After this first look at the data, let us return to the question of interest: Is the true average body temperature 37°C? One way of answering this is to turn the question around, and start with assuming that 37°C is actually the true, average temperature. The question then becomes, what would samples of size 130 from such a hypothetical population look like? This can be answered with statistical theory, or – in this computerized age – with simulated samples based on random number generation. Specifically, let us assume that this hypothetical population has the distribution of body temperatures shown below:

Imagine that we next draw 1,000 samples, each consisting of 130 individuals. What would their means look like? This is shown here:

Again we see an approximately bell-shaped histogram. The averages of the samples are centered around 37°C (like the hypothetical distribution was), but with a much smaller spread than before. All of the one thousand averages lie between 36.89°C and 37.10°C. This is the first important observation we can make: The variability of an average is smaller (usually much smaller) than the variability of a single observation. We shall later see, that an explicit formula exists describing this reduction in variability. The second important observation, is that none of the one thousand samples had a mean equal to 36.805°C or less (remember that 36.805°C was the actual mean observed on the "real" individuals). It is thus extremely unlikely to get a sample mean of 36.805°C, had the true average temperature in the population been 37°C. This is what is known as a statistical significant result, which is technical jargon for stating that the actually observed data is very different from what would be expected, had the investigated hypothesis (is the true average of body temperatures 37°C?) been true. The answer to our question is thus that while we cannot completely rule that the true average body temperature is 37°, it would be extremely unlikely to observe what we actually did observe, had the true average been 37°. Hence, we conclude that the true average body temperature is not 37°, ie. we reject this hypothesis.

So it was not 37° which is actually not a very informative finding. The far more interesting question is, what the true average body temperature could then be, judged from what we observed in this sample. This is typically answered with a so-called *confidence interval*. The fundamental rationale behind a confidence interval is to use the data to obtain the best possible (ie. narrow) interval where the true value of a parameter can be expected to be found with a given probability, typically 95%. Formulas for computing the interval depend on type of data and the way they were sampled, but we will defer this to later Chapters and for now concentrate on their interpretation.

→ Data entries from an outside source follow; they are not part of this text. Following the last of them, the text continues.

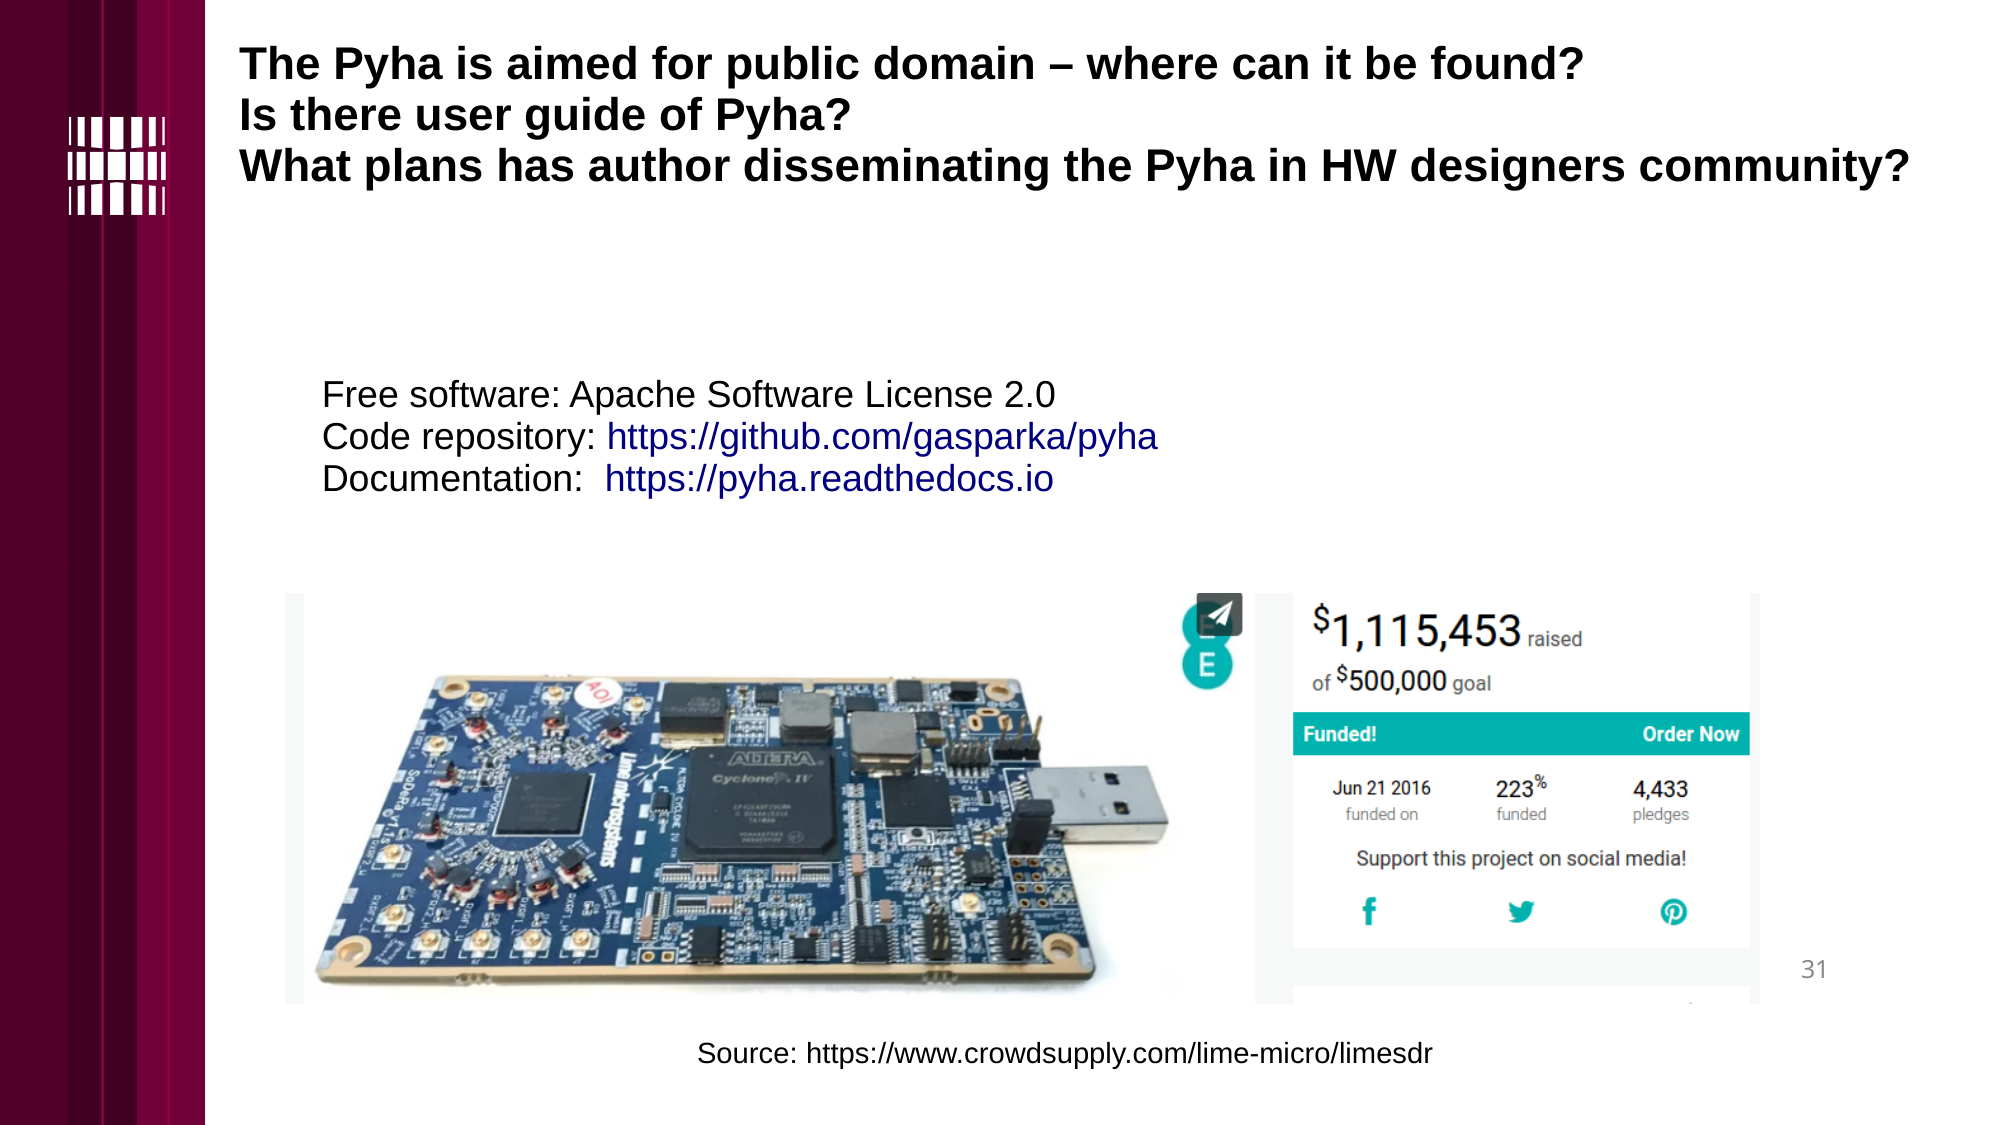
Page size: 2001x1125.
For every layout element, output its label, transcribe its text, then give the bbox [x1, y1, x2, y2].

text_box The Pyha is aimed for public domain – where can it be found? Is there user guide of Pyha? What plans has author disseminating the Pyha in HW designers community? [224, 30, 1928, 200]
text_box Free software: Apache Software License 2.0 Code repository: https://github.com/gasparka/pyha Documentation: https://pyha.readthedocs.io [307, 366, 1174, 507]
text_box Source: https://www.crowdsupply.com/lime-micro/limesdr [682, 1029, 1654, 1087]
picture [285, 593, 1760, 1004]

Hence let us again consider the hypothetic population described above with mean 37°C and an SD of 0.407°C. In the Figure below we see the result of computing 95% confidence intervals for 50 random samples from this hypothetical distribution. Each interval is represented by a dot indicating the mean of the specific sample while the vertical lines indicate the confidence interval computed for the sample.

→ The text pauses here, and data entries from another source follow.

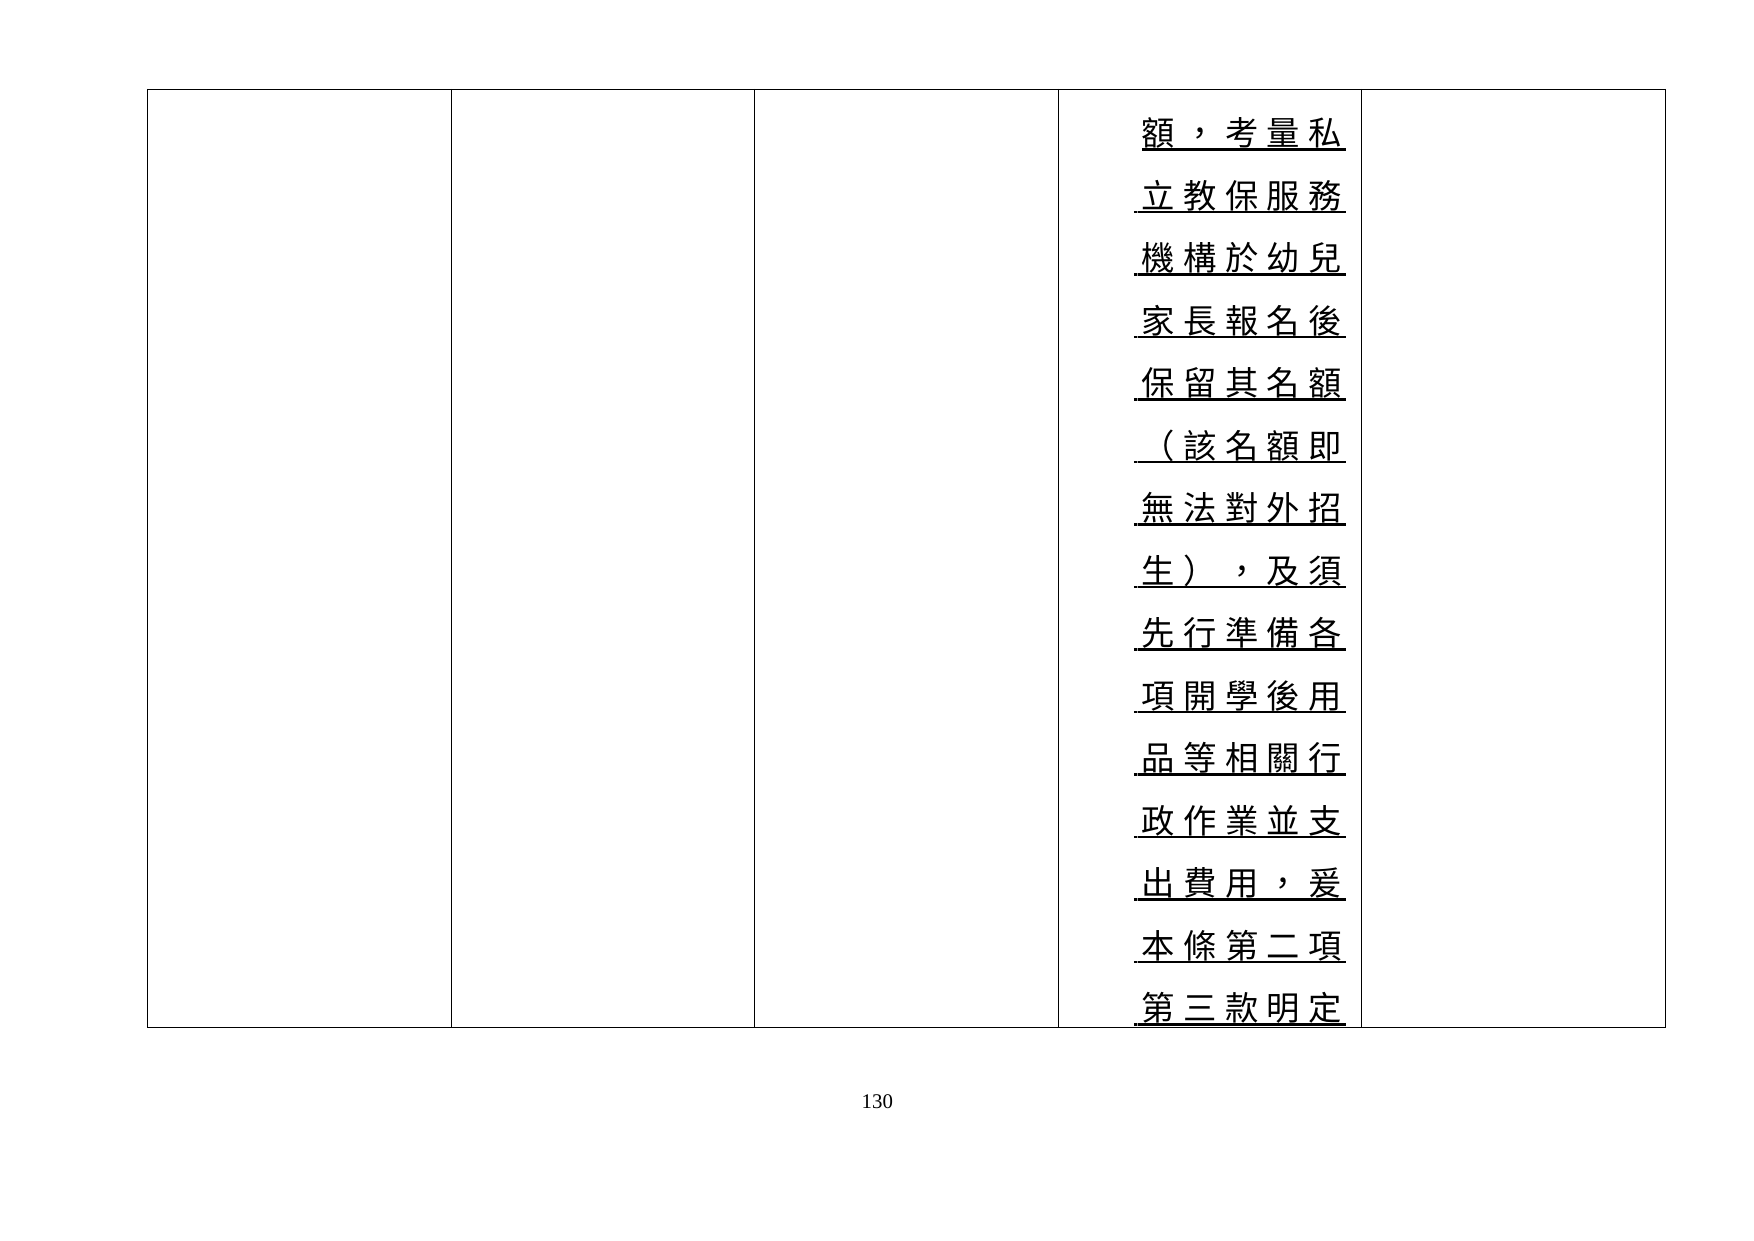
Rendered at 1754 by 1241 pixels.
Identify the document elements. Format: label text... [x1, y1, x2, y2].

table_cell [1362, 90, 1665, 1027]
table_cell [148, 90, 451, 1027]
table_cell [452, 90, 754, 1027]
table_cell [755, 90, 1058, 1027]
table_cell 額，考量私立教保服務機構於幼兒家長報名後保留其名額（該名額即無法對外招生），及須先行準備各項開學後用品等相關行政作業並支出費用，爰本條第二項第三款明定 [1059, 90, 1361, 1027]
table_cell [1666, 89, 1683, 1027]
table_cell [88, 89, 147, 1027]

Note that of the 50 confidence intervals, there are only two which do not contain the true value of 37°C, the true value for this hypothetical population. This matches rather closely with the definition, stating that 95% of such intervals should contain the true value. In other words 5% of the intervals should not contain the true value, which for 50 samples would correspond to 2.5 of the intervals not covering the true value.

For our specific sample based on real observations the 95% confidence interval is (36.73°C; 36.88°C). The main conclusion regarding the average human body temperature based on this dataset, is thus that the best estimate of the true mean is 36.81°C and we are 95% confident that the true value is somewhere in the range of (36.73°C; 36.88°C). It is the latter part of the statement, which is crucial to appreciating the value of a statistical analysis: If conducted properly it yields a measure of the uncertainty of the results, or in everyday words we have measured the likely distance to the true value, *eventhough* we don't know its exact value.